Silicon nitride (Si3N4) was developed in the 1960s and '70s in a search for fully dense, high strength and high toughness materials. A prime driver for its development was to replace metals with ceramics in advanced turbine and reciprocating engines to give higher operating temperatures and efficiencies. Although the ultimate goal of a ceramic engine has never been achieved, silicon nitride has been used in a number of industrial applications, such as engine components, bearings and cutting tools.
Silicon nitride has better high temperature capabilities than most metals combining retention of high strength and creep resistance with oxidation resistance. In addition, its low thermal expansion coefficient gives good thermal shock resistance compared with most ceramic materials.
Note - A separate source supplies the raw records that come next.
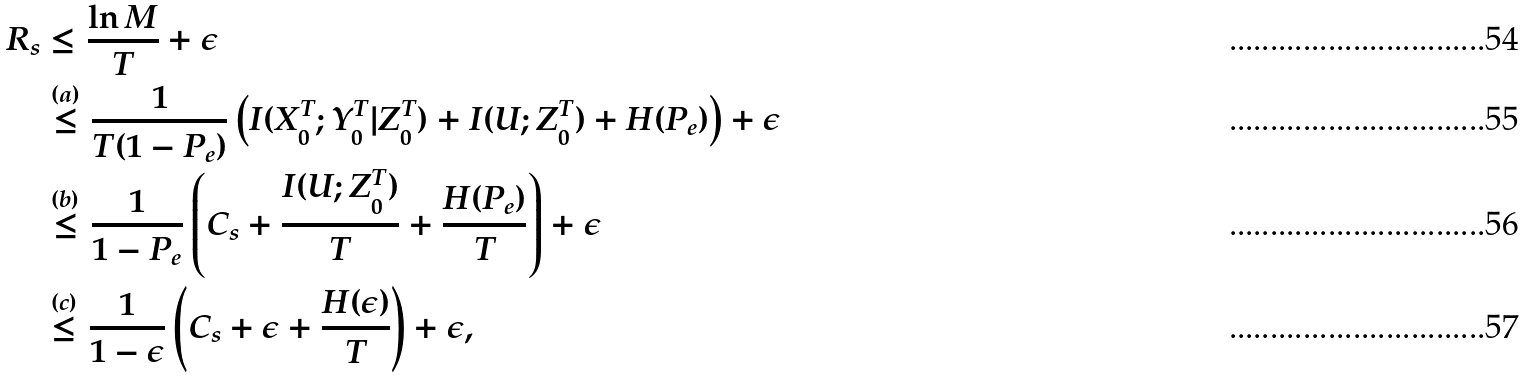<formula> <loc_0><loc_0><loc_500><loc_500>R _ { s } & \leq \frac { \ln M } { T } + \epsilon \\ & \stackrel { ( a ) } { \leq } \frac { 1 } { T ( 1 - P _ { e } ) } \left ( I ( X _ { 0 } ^ { T } ; Y _ { 0 } ^ { T } | Z _ { 0 } ^ { T } ) + I ( U ; Z _ { 0 } ^ { T } ) + H ( P _ { e } ) \right ) + \epsilon \\ & \stackrel { ( b ) } { \leq } \frac { 1 } { 1 - P _ { e } } \left ( C _ { s } + \frac { I ( U ; Z _ { 0 } ^ { T } ) } { T } + \frac { H ( P _ { e } ) } { T } \right ) + \epsilon \\ & \stackrel { ( c ) } { \leq } \frac { 1 } { 1 - \epsilon } \left ( C _ { s } + \epsilon + \frac { H ( \epsilon ) } { T } \right ) + \epsilon ,</formula> 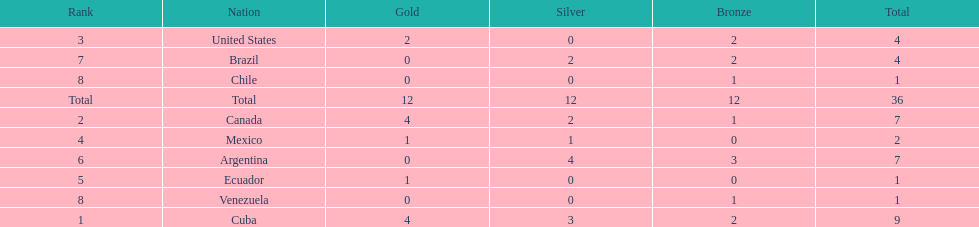Who had more silver medals, cuba or brazil? Cuba. 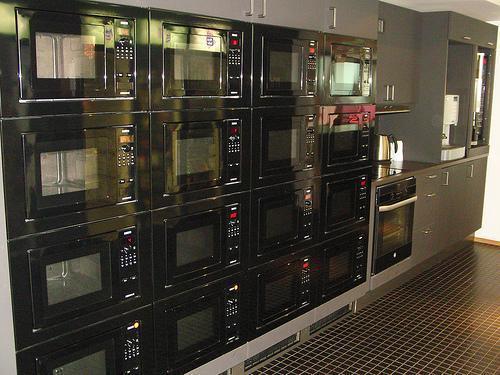How many conventional ovens are there?
Give a very brief answer. 1. 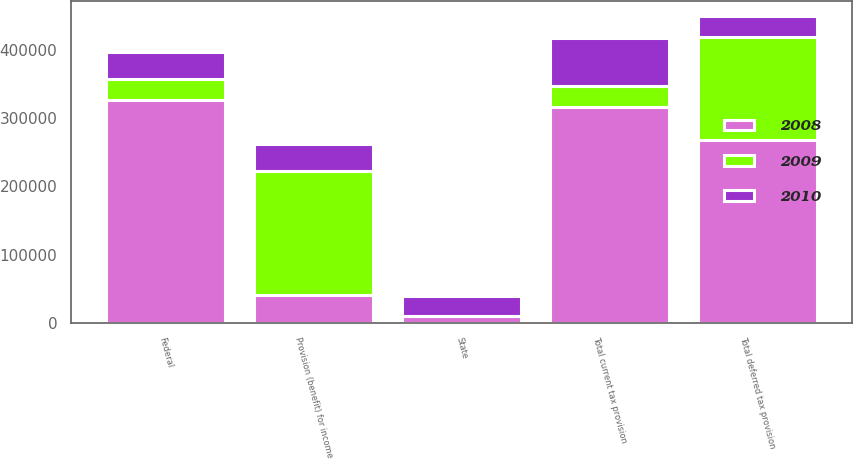<chart> <loc_0><loc_0><loc_500><loc_500><stacked_bar_chart><ecel><fcel>Federal<fcel>State<fcel>Total current tax provision<fcel>Total deferred tax provision<fcel>Provision (benefit) for income<nl><fcel>2010<fcel>40675<fcel>29539<fcel>70214<fcel>30250<fcel>39964<nl><fcel>2008<fcel>326659<fcel>9860<fcel>316799<fcel>267205<fcel>40319.5<nl><fcel>2009<fcel>30164<fcel>102<fcel>30266<fcel>151936<fcel>182202<nl></chart> 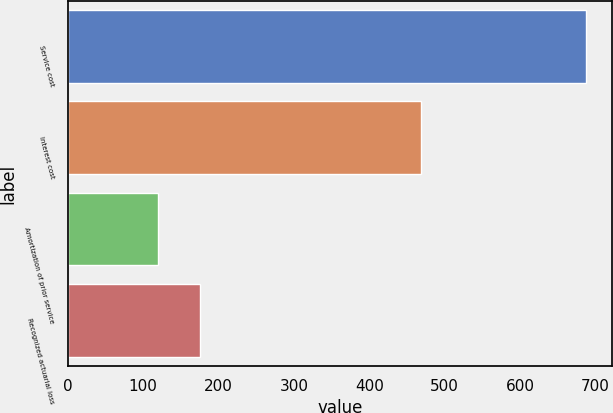Convert chart. <chart><loc_0><loc_0><loc_500><loc_500><bar_chart><fcel>Service cost<fcel>Interest cost<fcel>Amortization of prior service<fcel>Recognized actuarial loss<nl><fcel>688<fcel>468<fcel>119<fcel>175.9<nl></chart> 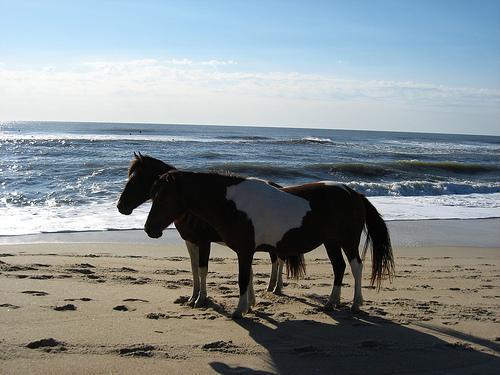How many horses are there?
Give a very brief answer. 2. 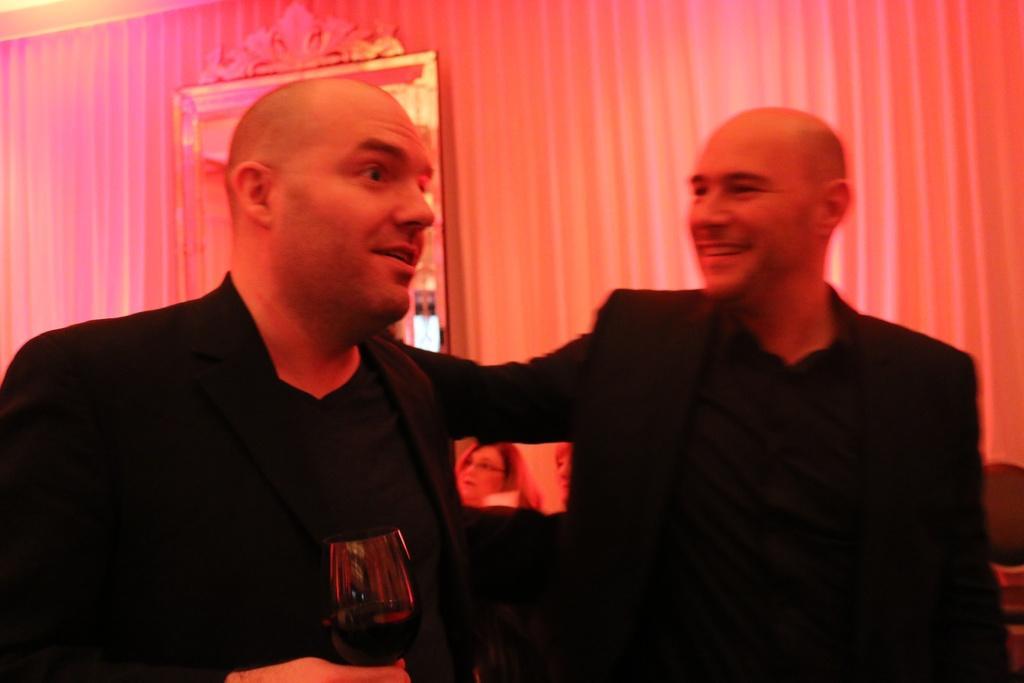Describe this image in one or two sentences. In this image there are two men in the middle. The man on the left side is holding the glass while the man on the right side is keeping his hand on the man who is beside him. In the background there is a mirror to the wall. 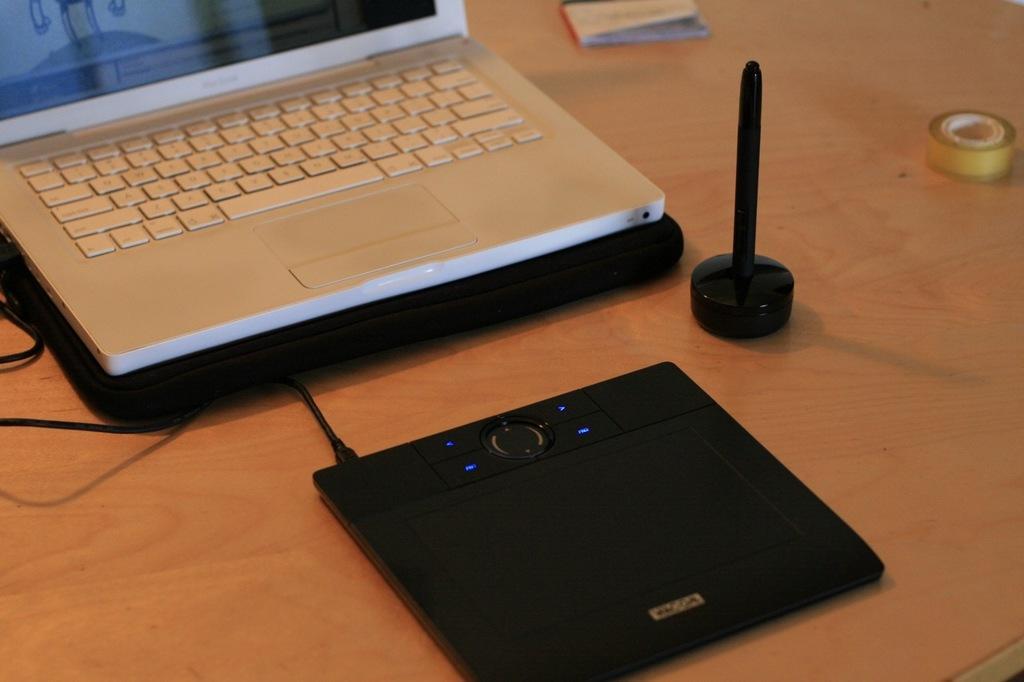Please provide a concise description of this image. On this table there is a laptop, tape, book and device. 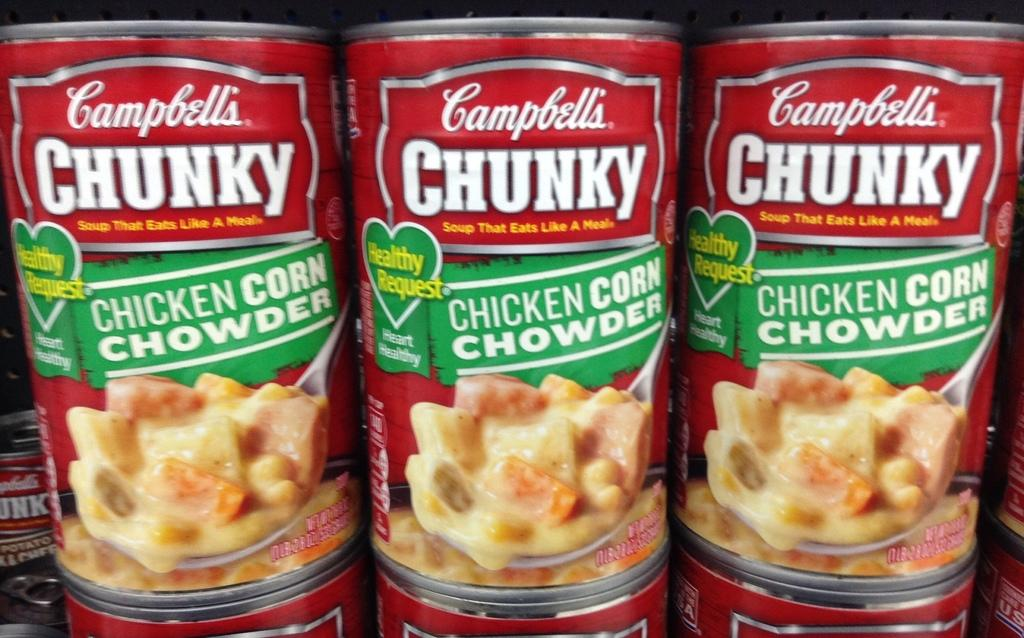What type of product is labeled on the cans in the image? The cans have "Chicken Corn Chowder" written on them. Can you describe the contents of the cans? The cans contain Chicken Corn Chowder, as indicated by the label. How does the volcano affect the payment process for the cans in the image? There is no volcano present in the image, and therefore it cannot affect the payment process for the cans.

Pure silicon nitride is difficult to produce as a fully dense material. This covalently bonded material does not readily sinter and cannot be heated over 1850oC as it dissociates into silicon and nitrogen. Dense silicon nitride can only be made using methods that give bonding through indirect methods, such as small chemical additions to aid densification. These chemicals are known as sintering aids, which commonly induce a degree of liquid phase sintering.
Types of Silicon Nitride
Since the material properties strongly depend on the fabrication method, silicon nitride cannot be considered as a single material. The three main types of silicon nitride are:
• Reaction bonded silicon nitride (RBSN)
• Hot pressed silicon nitride (HPSN)
• Sintered silicon nitrides (SSN)
Reaction bonded silicon nitride is made by direct nitridation of a compacted silicon powder, and because of the difficulty of ensuring complete reaction, it is hard to achieve a high component density. Usual densities are in the range 2300 - 2700kg.m-3 compared with 3200kg.m-3 for hot pressed and sintered silicon nitride. The higher density gives the HPSN and SSN materials better physical properties and means they are used in more demanding applications. The nitridation produces only a small volume change, which means that RBSN components do not need to be machined after fabrication and complex near net shapes can be produced in a single process stage.